Google Groups no longer supports new Usenet posts or subscriptions. Historical content remains viewable.

Dismiss

API OpenProcess blocking

26 views

Skip to first unread message

Mathieu

unread,

Nov 11, 2009, 6:24:41 PM11/11/09

Hello
Remember that I post the question on API writefile in blocking
the framework to map a logical drive in an image file management through
a process in user-mode by an intermediate of my driver.

The writefile is not blocking any more when I'm overlapped.

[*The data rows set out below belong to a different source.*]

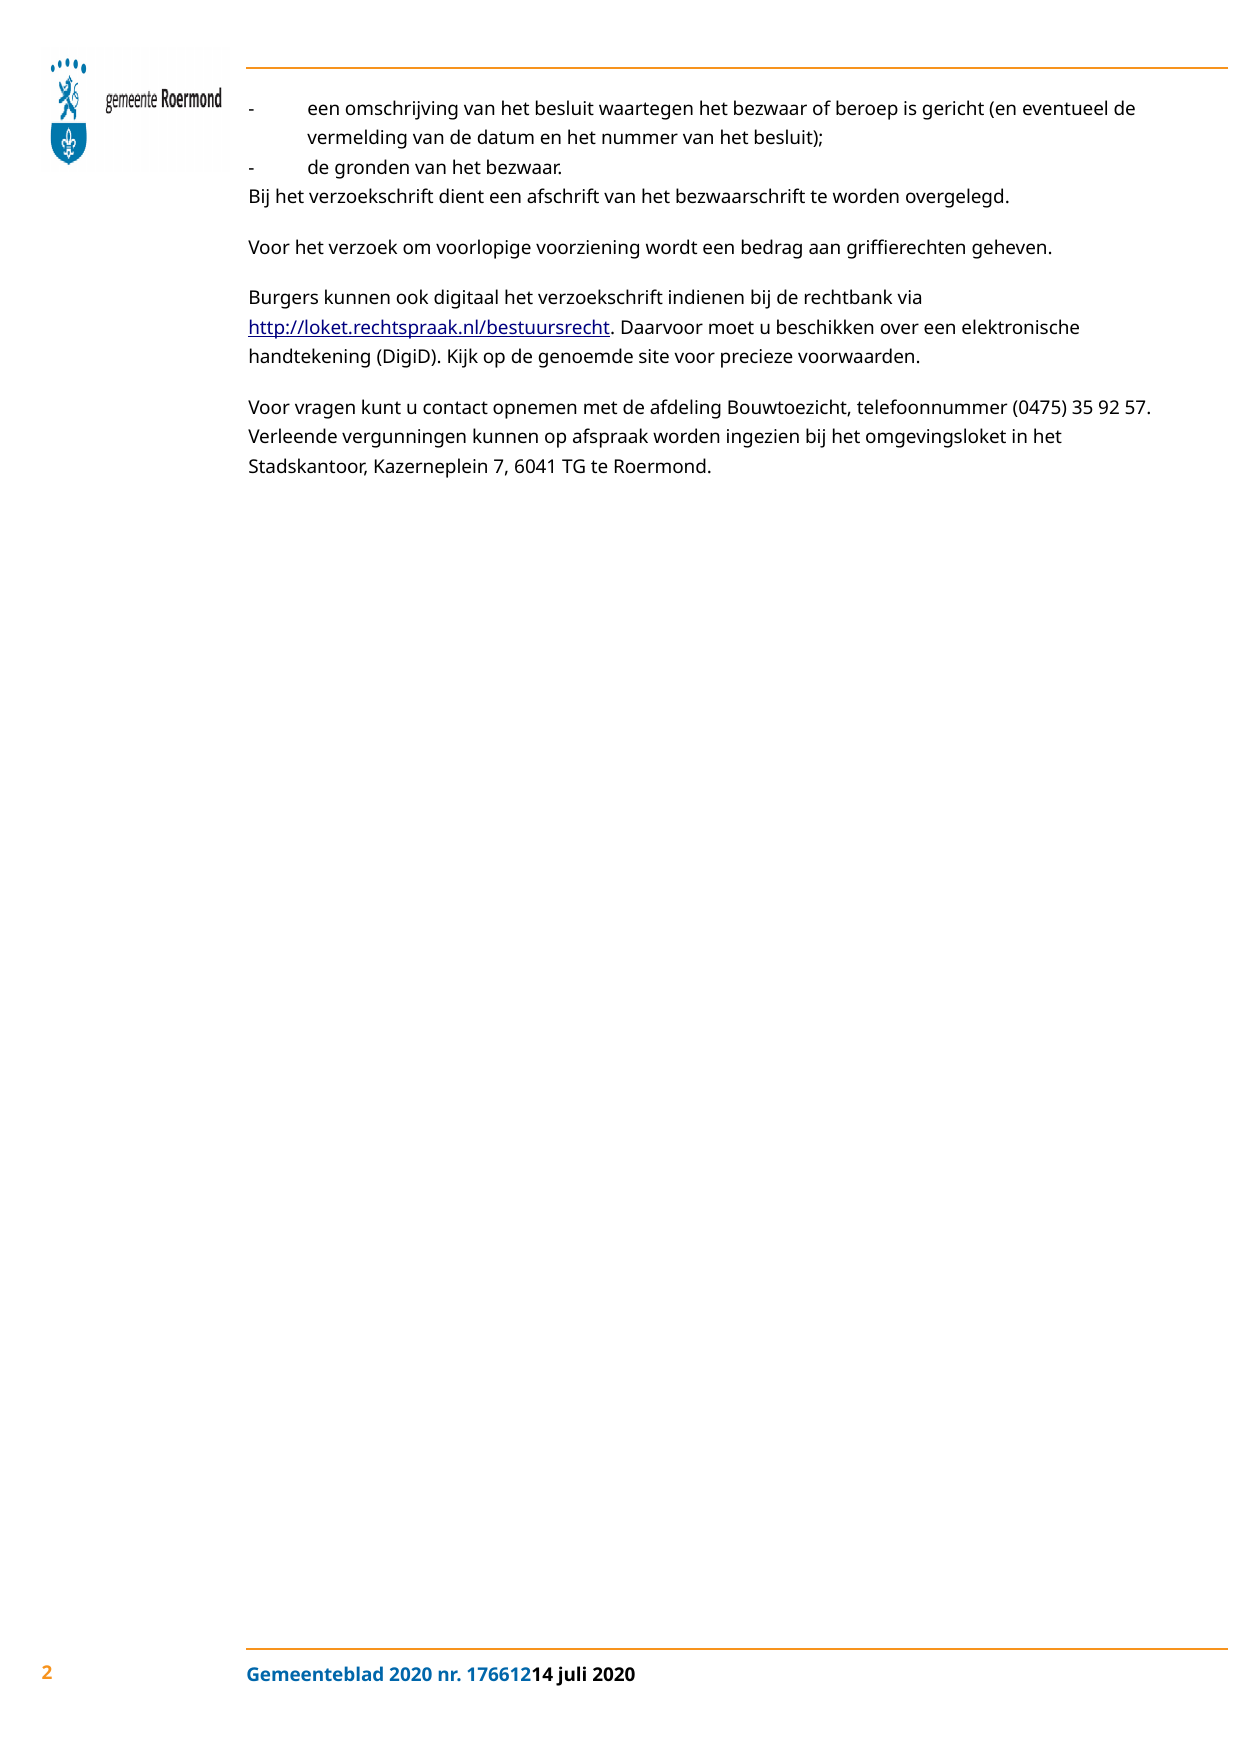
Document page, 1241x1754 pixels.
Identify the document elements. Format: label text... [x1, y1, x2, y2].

text Voor het verzoek om voorlopige voorziening wordt een bedrag aan griffierechten geheven. [248, 234, 1152, 260]
list een omschrijving van het besluit waartegen het bezwaar of beroep is gericht (en eventueel de vermelding van de datum en het nummer van het besluit); [248, 95, 1152, 150]
text Burgers kunnen ook digitaal het verzoekschrift indienen bij de rechtbank via http://loket.rechtspraak.nl/bestuursrecht. Daarvoor moet u beschikken over een elektronische handtekening (DigiD). Kijk op de genoemde site voor precieze voorwaarden. [248, 284, 1152, 369]
text Voor vragen kunt u contact opnemen met de afdeling Bouwtoezicht, telefoonnummer (0475) 35 92 57. Verleende vergunningen kunnen op afspraak worden ingezien bij het omgevingsloket in het Stadskantoor, Kazerneplein 7, 6041 TG te Roermond. [248, 394, 1152, 479]
picture [41, 47, 231, 172]
text Bij het verzoekschrift dient een afschrift van het bezwaarschrift te worden overgelegd. [248, 183, 1152, 209]
list de gronden van het bezwaar. [248, 154, 1152, 180]
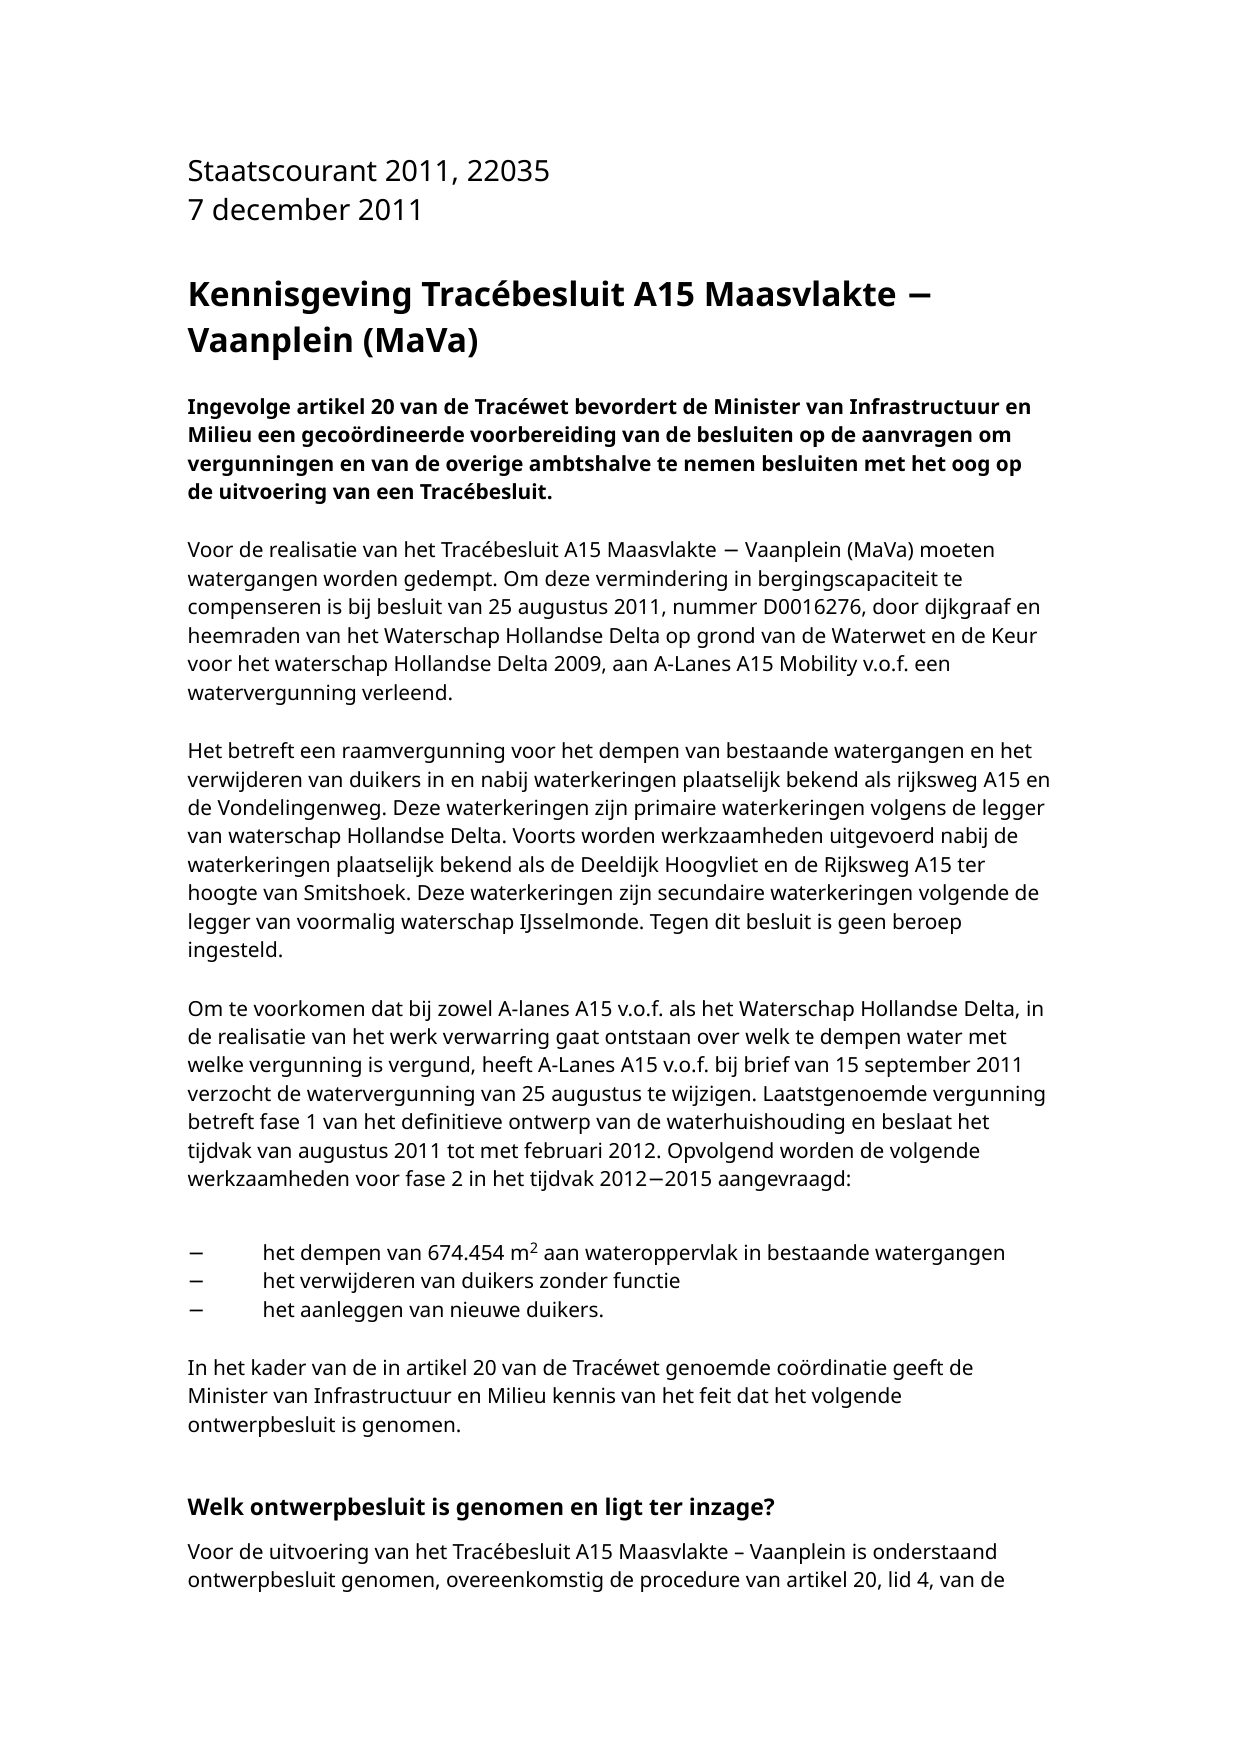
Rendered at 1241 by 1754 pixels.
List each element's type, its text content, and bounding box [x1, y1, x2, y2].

text 7 december 2011 [187, 190, 1053, 229]
list het aanleggen van nieuwe duikers. [187, 1295, 1053, 1323]
text Om te voorkomen dat bij zowel A-lanes A15 v.o.f. als het Waterschap Hollandse Delta, in de realisatie van het werk verwarring gaat ontstaan over welk te dempen water met welke vergunning is vergund, heeft A-Lanes A15 v.o.f. bij brief van 15 september 2011 verzocht de watervergunning van 25 augustus te wijzigen. Laatstgenoemde vergunning betreft fase 1 van het definitieve ontwerp van de waterhuishouding en beslaat het tijdvak van augustus 2011 tot met februari 2012. Opvolgend worden de volgende werkzaamheden voor fase 2 in het tijdvak 2012−2015 aangevraagd: [187, 994, 1053, 1193]
list het verwijderen van duikers zonder functie [187, 1266, 1053, 1295]
subtitle Kennisgeving Tracébesluit A15 Maasvlakte − Vaanplein (MaVa) [187, 271, 1053, 362]
subtitle Welk ontwerpbesluit is genomen en ligt ter inzage? [187, 1491, 1053, 1522]
text In het kader van de in artikel 20 van de Tracéwet genoemde coördinatie geeft de Minister van Infrastructuur en Milieu kennis van het feit dat het volgende ontwerpbesluit is genomen. [187, 1353, 1053, 1438]
text Voor de uitvoering van het Tracébesluit A15 Maasvlakte – Vaanplein is onderstaand ontwerpbesluit genomen, overeenkomstig de procedure van artikel 20, lid 4, van de [187, 1537, 1053, 1594]
list het dempen van 674.454 m2 aan wateroppervlak in bestaande watergangen [187, 1238, 1053, 1266]
text Ingevolge artikel 20 van de Tracéwet bevordert de Minister van Infrastructuur en Milieu een gecoördineerde voorbereiding van de besluiten op de aanvragen om vergunningen en van de overige ambtshalve te nemen besluiten met het oog op de uitvoering van een Tracébesluit. [187, 392, 1053, 506]
text Het betreft een raamvergunning voor het dempen van bestaande watergangen en het verwijderen van duikers in en nabij waterkeringen plaatselijk bekend als rijksweg A15 en de Vondelingenweg. Deze waterkeringen zijn primaire waterkeringen volgens de legger van waterschap Hollandse Delta. Voorts worden werkzaamheden uitgevoerd nabij de waterkeringen plaatselijk bekend als de Deeldijk Hoogvliet en de Rijksweg A15 ter hoogte van Smitshoek. Deze waterkeringen zijn secundaire waterkeringen volgende de legger van voormalig waterschap IJsselmonde. Tegen dit besluit is geen beroep ingesteld. [187, 736, 1053, 964]
text Voor de realisatie van het Tracébesluit A15 Maasvlakte − Vaanplein (MaVa) moeten watergangen worden gedempt. Om deze vermindering in bergingscapaciteit te compenseren is bij besluit van 25 augustus 2011, nummer D0016276, door dijkgraaf en heemraden van het Waterschap Hollandse Delta op grond van de Waterwet en de Keur voor het waterschap Hollandse Delta 2009, aan A-Lanes A15 Mobility v.o.f. een watervergunning verleend. [187, 536, 1053, 706]
text Staatscourant 2011, 22035 [187, 150, 1053, 190]

But I use the API OpenProcess to get process name from a processID
retrieve via my driver.

The problem: the call to OpenProcess Windows will sometimes write to the
logical drive in question mapped in an image file managed by thread
calling in user-mode.
Windows try write on the logical letter in question during call api
OpenProcess ,in this case my driver returns him STATUS_PENDING of
IRP_MJ_WRITE because my management process image file is busy,
it is blocked on the OpenProcess API.
The command event of read / write is called once and only on one thread.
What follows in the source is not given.